RDP Spear-Phishing Campaign (Late 2024)

In late 2024, Midnight Blizzard initiated a campaign using digitally signed Remote Desktop Protocol (.rdp) files as lures. Some identified malicious RDP filenames include:

· Zero Trust Architecture Configuration.rdp

· ZTS Device Compatibility Test.rdp

· Device Security Requirements Check.rdp

· AWS IAM Quick Start.rdp

· AWS IAM Configuration.rdp

Associated file hashes (SHA-256) and network infrastructure details, including attack and email server IP addresses, have been documented.

Watering Hole & Malware Campaigns (2025)

· A 2025 campaign used a "wine tasting" invitation to deliver the GRAPELOADER backdoor to European diplomats.

· Amazon disrupted a watering hole operation in mid-2025 that used infrastructure mimicking Amazon Web Services (AWS) domains for credential theft via device code authentication.

· Analysis of 39 domain IOCs revealed that most were registered in August 2024 or later, frequently in the U.S. and often through registrars like NameSilo, eNom, and Hostinger.

Ongoing Tactics & Infrastructure

Midnight Blizzard continues to employ various tactics, including the use of residential proxy networks to obscure their activities.
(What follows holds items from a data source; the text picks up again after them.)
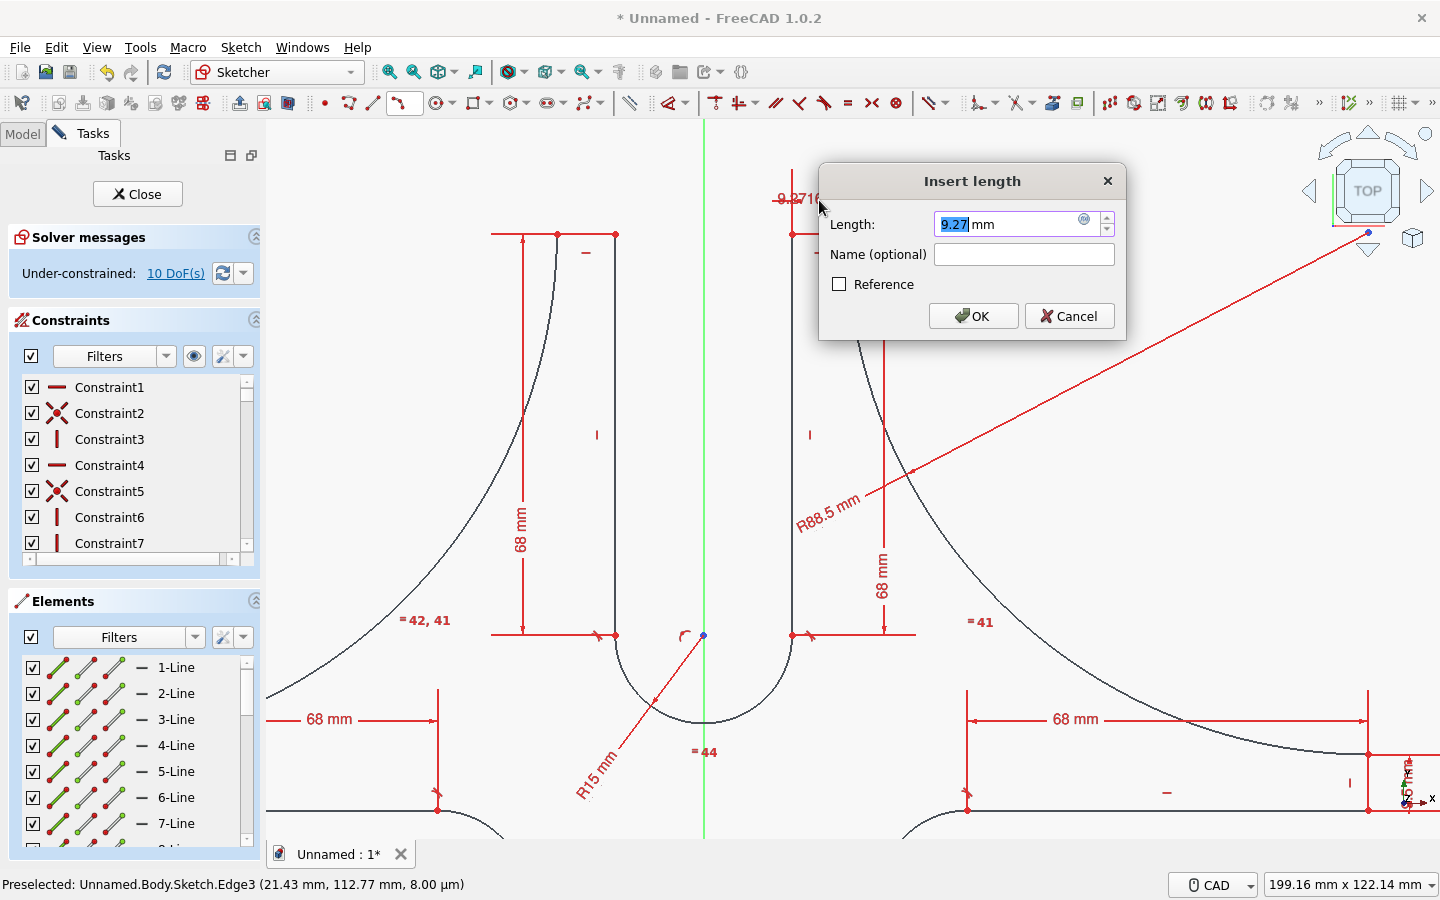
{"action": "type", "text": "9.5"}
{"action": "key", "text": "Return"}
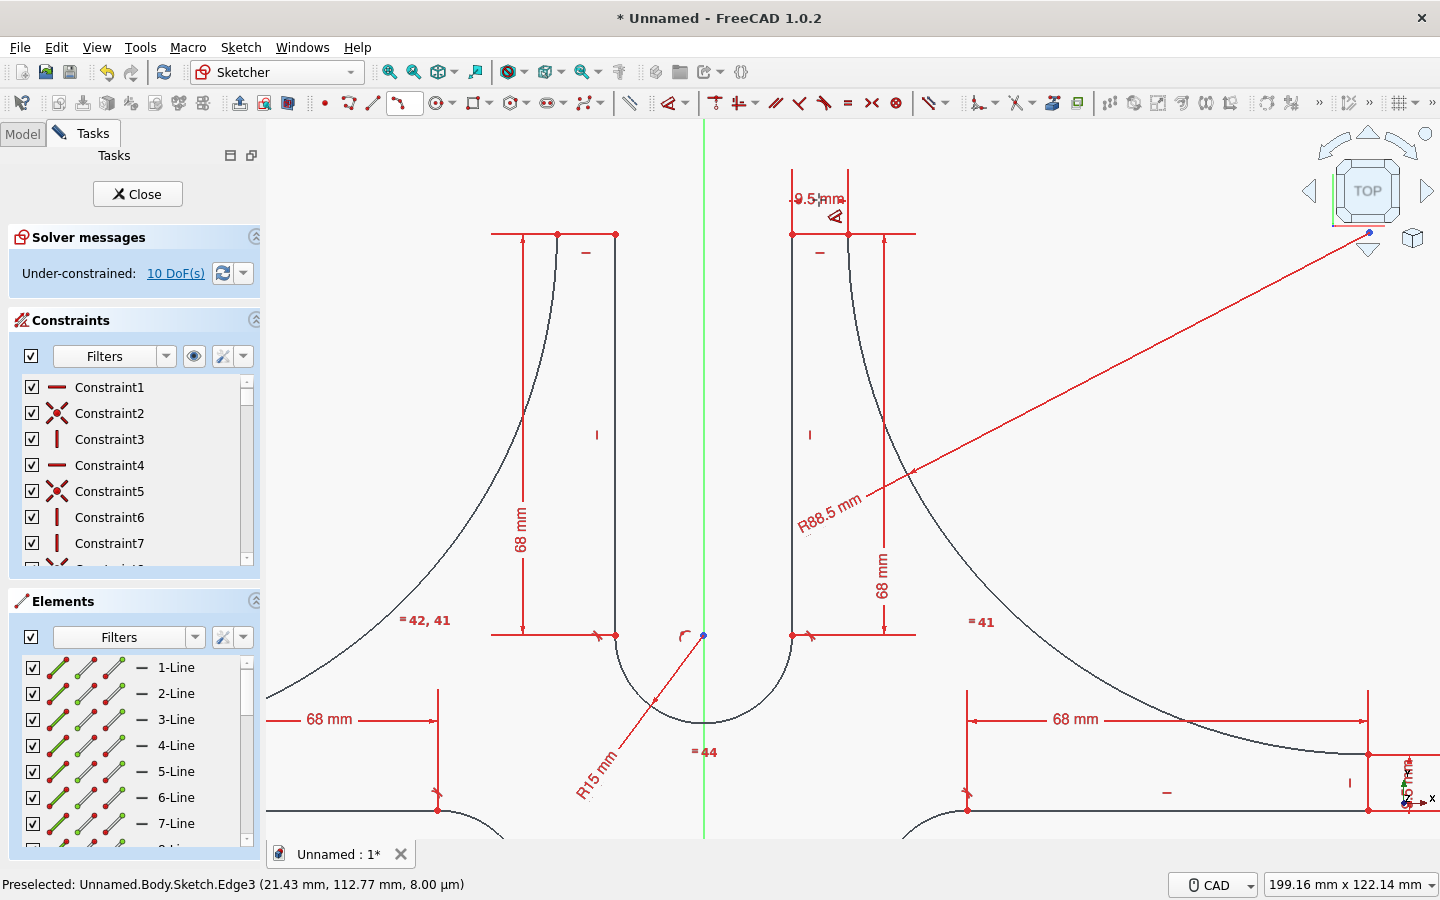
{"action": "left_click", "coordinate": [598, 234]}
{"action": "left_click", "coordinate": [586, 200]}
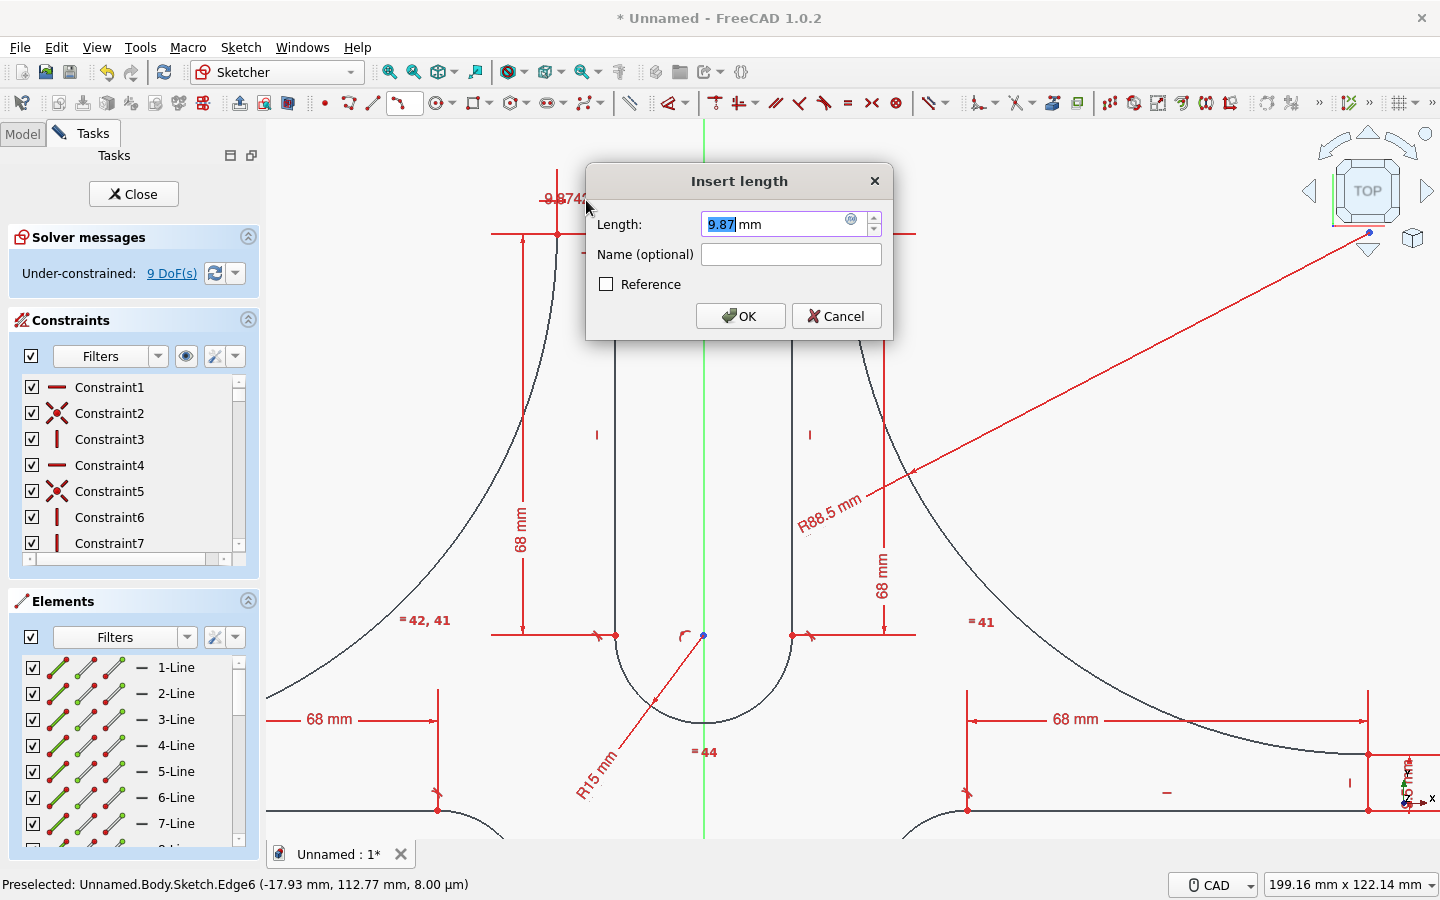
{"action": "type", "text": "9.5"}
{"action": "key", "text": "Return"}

Recent attacks involve renaming compromised Microsoft 365 tenants to impersonate "IT Support" and creating *.onmicrosoft.com subdomains to bypass reputation checks. They also continue to exploit vulnerabilities in unpatched internet-facing servers, specifically CVE-2023-42793 in JetBrains TeamCity.

Tools Used in Campaign

· Password spraying tools/scripts

· Potentially leveraging information from compromised emails to target customer accounts

· The initial entry method involved a "nation-state actor attack," details of which led to the email system compromise.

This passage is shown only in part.